3.4.10 Reading time characteristics accorrding to defined processor numbers

bool ReadProc( typeprint
unsigned long
int
double
char*
t,
*pnumb,
qnumb,
sum,
str);
   
t - type of information of characteristics for each processor,
pnumb - pointer to array of processor numbers, for which characteristics are to be output,
qnumb - number of elements of processor number array,
sum - total characteristic value for each processor,
str - string where characteristic name and time values are written.

The member function serves for output of program execution characteristics on each processor, returns TRUE when there is no more characteristic of given type.

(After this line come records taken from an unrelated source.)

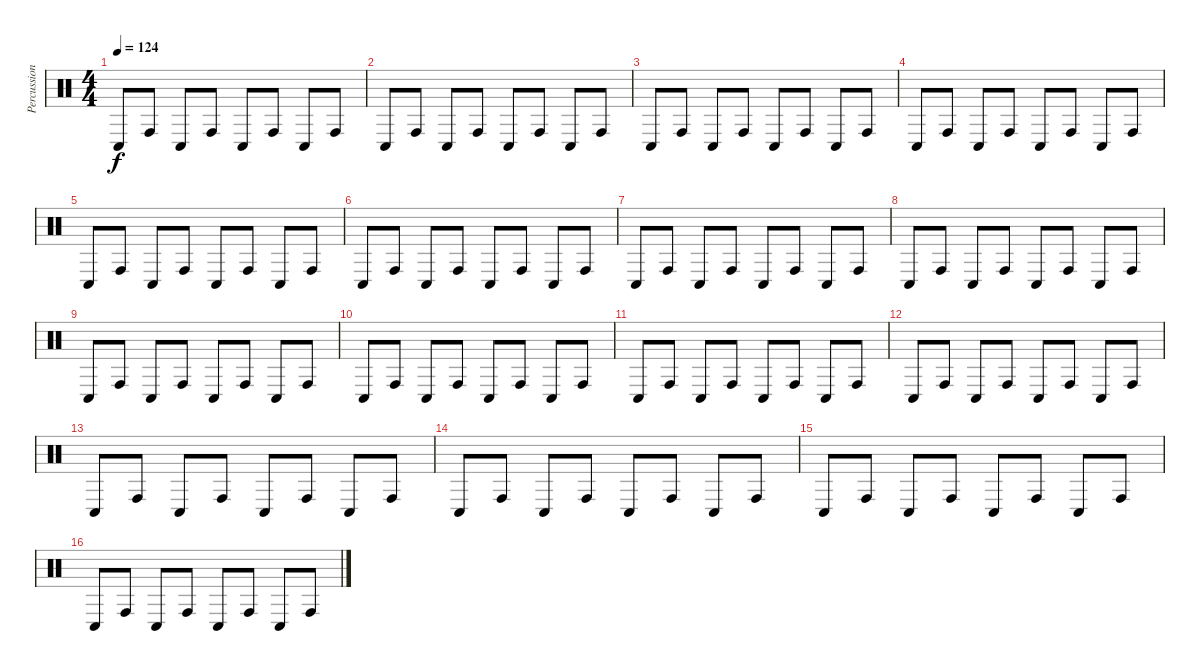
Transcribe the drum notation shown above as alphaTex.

\track ("Percussion" "Percussion") {instrument percussion}
\staff {score}
\articulation defaults
\ts (4 4)
\tempo 124
\clef neutral
\ks c "Conga low (hit)".8{dy f volume 6} "Conga high (hit)".8 "Conga low (hit)".8 "Conga high (hit)".8 "Conga low (hit)".8 "Conga high (hit)".8 "Conga low (hit)".8 "Conga high (hit)".8
|
"Conga low (hit)".8{volume 6} "Conga high (hit)".8 "Conga low (hit)".8 "Conga high (hit)".8 "Conga low (hit)".8 "Conga high (hit)".8 "Conga low (hit)".8 "Conga high (hit)".8 |
"Conga low (hit)".8{volume 6} "Conga high (hit)".8 "Conga low (hit)".8 "Conga high (hit)".8 "Conga low (hit)".8 "Conga high (hit)".8 "Conga low (hit)".8 "Conga high (hit)".8 |
"Conga low (hit)".8{volume 6} "Conga high (hit)".8 "Conga low (hit)".8 "Conga high (hit)".8 "Conga low (hit)".8 "Conga high (hit)".8 "Conga low (hit)".8 "Conga high (hit)".8 |
"Conga low (hit)".8{volume 6} "Conga high (hit)".8 "Conga low (hit)".8 "Conga high (hit)".8 "Conga low (hit)".8 "Conga high (hit)".8 "Conga low (hit)".8 "Conga high (hit)".8 |
"Conga low (hit)".8{volume 6} "Conga high (hit)".8 "Conga low (hit)".8 "Conga high (hit)".8 "Conga low (hit)".8 "Conga high (hit)".8 "Conga low (hit)".8 "Conga high (hit)".8 |
"Conga low (hit)".8{volume 6} "Conga high (hit)".8 "Conga low (hit)".8 "Conga high (hit)".8 "Conga low (hit)".8 "Conga high (hit)".8 "Conga low (hit)".8 "Conga high (hit)".8 |
"Conga low (hit)".8{volume 6} "Conga high (hit)".8 "Conga low (hit)".8 "Conga high (hit)".8 "Conga low (hit)".8 "Conga high (hit)".8 "Conga low (hit)".8 "Conga high (hit)".8 |
"Conga low (hit)".8{volume 6} "Conga high (hit)".8 "Conga low (hit)".8 "Conga high (hit)".8 "Conga low (hit)".8 "Conga high (hit)".8 "Conga low (hit)".8 "Conga high (hit)".8 |
"Conga low (hit)".8{volume 6} "Conga high (hit)".8 "Conga low (hit)".8 "Conga high (hit)".8 "Conga low (hit)".8 "Conga high (hit)".8 "Conga low (hit)".8 "Conga high (hit)".8 |
"Conga low (hit)".8{volume 6} "Conga high (hit)".8 "Conga low (hit)".8 "Conga high (hit)".8 "Conga low (hit)".8 "Conga high (hit)".8 "Conga low (hit)".8 "Conga high (hit)".8 |
"Conga low (hit)".8{volume 6} "Conga high (hit)".8 "Conga low (hit)".8 "Conga high (hit)".8 "Conga low (hit)".8 "Conga high (hit)".8 "Conga low (hit)".8 "Conga high (hit)".8 |
"Conga low (hit)".8{volume 6} "Conga high (hit)".8 "Conga low (hit)".8 "Conga high (hit)".8 "Conga low (hit)".8 "Conga high (hit)".8 "Conga low (hit)".8 "Conga high (hit)".8 |
"Conga low (hit)".8{volume 6} "Conga high (hit)".8 "Conga low (hit)".8 "Conga high (hit)".8 "Conga low (hit)".8 "Conga high (hit)".8 "Conga low (hit)".8 "Conga high (hit)".8 |
"Conga low (hit)".8{volume 6} "Conga high (hit)".8 "Conga low (hit)".8 "Conga high (hit)".8 "Conga low (hit)".8 "Conga high (hit)".8 "Conga low (hit)".8 "Conga high (hit)".8 |
"Conga low (hit)".8{volume 6} "Conga high (hit)".8 "Conga low (hit)".8 "Conga high (hit)".8 "Conga low (hit)".8 "Conga high (hit)".8 "Conga low (hit)".8 "Conga high (hit)".8

3.4.11 Minimal, maxumal and sum time characteristics

void MinMaxSum( typeprint
double*
unsigned long*
double*
unsigned long*
double*
t,
min,
nprocmin,
max,
nprocmax,
sum);
   
t - characteristic type,
min - pointer to array of minimal characteristic values,
nprocmin - pointer to processor number array, corresponding to minimal values,
max - pointer to array of maximal characteristic values,
nprocmax - pointer to processor number array, corresponding to maximal values,
sum - pointer to array of total characteristic values.

The member function is intended for calculation of minimal, maximal and total characteristics, it is used for output of comparative characteristics.

3.4.12 Matrix rank

void VMSSize(char *p);

char *p – pointer to string where matrix rank is written for the matrix on which the program was executed.

3.4.13 Number of collective operations

long ReadCall(typecom t);

typecom t – collective operation type.

It returns number of collective operation calls of the given operation type.

3.5 Module statfile.cpp, function main

The function reads parameters, calls constructor CstatRead(…) to read saved times and intervals from the file, outputs requested characteristics into the file. Characteristics with zero value are not output.